See also: AWS API Documentation
Request Syntax
client.create_optimization_job( OptimizationJobName='string', RoleArn='string', ModelSource={ 'S3': { 'S3Uri': 'string', 'ModelAccessConfig': { 'AcceptEula': True|False } } }, DeploymentInstanceType='ml.p4d.24xlarge'|'ml.p4de.24xlarge'|'ml.p5.48xlarge'|'ml.g5.xlarge'|'ml.g5.2xlarge'|'ml.g5.4xlarge'|'ml.g5.8xlarge'|'ml.g5.12xlarge'|'ml.g5.16xlarge'|'ml.g5.24xlarge'|'ml.g5.48xlarge'|'ml.g6.xlarge'|'ml.g6.2xlarge'|'ml.g6.4xlarge'|'ml.g6.8xlarge'|'ml.g6.12xlarge'|'ml.g6.16xlarge'|'ml.g6.24xlarge'|'ml.g6.48xlarge'|'ml.g6e.xlarge'|'ml.g6e.2xlarge'|'ml.g6e.4xlarge'|'ml.g6e.8xlarge'|'ml.g6e.12xlarge'|'ml.g6e.16xlarge'|'ml.g6e.24xlarge'|'ml.g6e.48xlarge'|'ml.inf2.xlarge'|'ml.inf2.8xlarge'|'ml.inf2.24xlarge'|'ml.inf2.48xlarge'|'ml.trn1.2xlarge'|'ml.trn1.32xlarge'|'ml.trn1n.32xlarge', OptimizationEnvironment={ 'string': 'string' }, OptimizationConfigs=[ { 'ModelQuantizationConfig': { 'Image': 'string', 'OverrideEnvironment': { 'string': 'string' } }, 'ModelCompilationConfig': { 'Image': 'string', 'OverrideEnvironment': { 'string': 'string' } }, 'ModelShardingConfig': { 'Image': 'string', 'OverrideEnvironment': { 'string': 'string' } } }, ], OutputConfig={ 'KmsKeyId': 'string', 'S3OutputLocation': 'string' }, StoppingCondition={ 'MaxRuntimeInSeconds': 123, 'MaxWaitTimeInSeconds': 123, 'MaxPendingTimeInSeconds': 123 }, Tags=[ { 'Key': 'string', 'Value': 'string' }, ], VpcConfig={ 'SecurityGroupIds': [ 'string', ], 'Subnets': [ 'string', ] } )
string
[REQUIRED]
A custom name for the new optimization job.
string
[REQUIRED]
The Amazon Resource Name (ARN) of an IAM role that enables Amazon SageMaker AI to perform tasks on your behalf.

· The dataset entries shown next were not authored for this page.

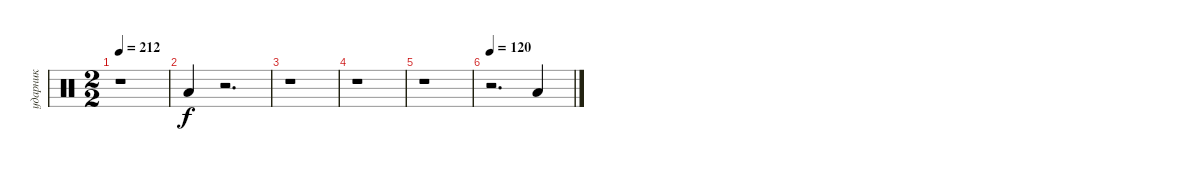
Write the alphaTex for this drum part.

\track ("ударник" "ударник") {instrument percussion}
\staff {score}
\articulation defaults
\ts (2 2)
\tempo 212
\clef neutral
\ks c
r.1{dy f} |
"Low Floor Tom (hit)".4 r.2{d} |
r.1 |
r.1 |
r.1 |
\tempo 120
r.2{d} "Low Tom (hit)".4

During model optimization, Amazon SageMaker AI needs your permission to:
Read input data from an S3 bucket
Write model artifacts to an S3 bucket
Write logs to Amazon CloudWatch Logs
Publish metrics to Amazon CloudWatch
You grant permissions for all of these tasks to an IAM role. To pass this role to Amazon SageMaker AI, the caller of this API must have the iam:PassRole permission. For more information, see Amazon SageMaker AI Roles.
dict
[REQUIRED]
The location of the source model to optimize with an optimization job.
S3 (dict) --
The Amazon S3 location of a source model to optimize with an optimization job.
S3Uri (string) --
An Amazon S3 URI that locates a source model to optimize with an optimization job.
ModelAccessConfig (dict) --
The access configuration settings for the source ML model for an optimization job, where you can accept the model end-user license agreement (EULA).
AcceptEula (boolean) -- [REQUIRED]
Specifies agreement to the model end-user license agreement (EULA). The AcceptEula value must be explicitly defined as True in order to accept the EULA that this model requires. You are responsible for reviewing and complying with any applicable license terms and making sure they are acceptable for your use case before downloading or using a model.
string
[REQUIRED]
The type of instance that hosts the optimized model that you create with the optimization job.
dict
The environment variables to set in the model container.
(string) --
(string) --
list
[REQUIRED]
Settings for each of the optimization techniques that the job applies.
(dict) --
Settings for an optimization technique that you apply with a model optimization job.
ModelQuantizationConfig (dict) --
Settings for the model quantization technique that's applied by a model optimization job.
Image (string) --
The URI of an LMI DLC in Amazon ECR. SageMaker uses this image to run the optimization.
OverrideEnvironment (dict) --
Environment variables that override the default ones in the model container.
(string) --
(string) --
ModelCompilationConfig (dict) --
Settings for the model compilation technique that's applied by a model optimization job.
Image (string) --
The URI of an LMI DLC in Amazon ECR. SageMaker uses this image to run the optimization.
OverrideEnvironment (dict) --
Environment variables that override the default ones in the model container.
(string) --
(string) --
ModelShardingConfig (dict) --
Settings for the model sharding technique that's applied by a model optimization job.
Image (string) --
The URI of an LMI DLC in Amazon ECR. SageMaker uses this image to run the optimization.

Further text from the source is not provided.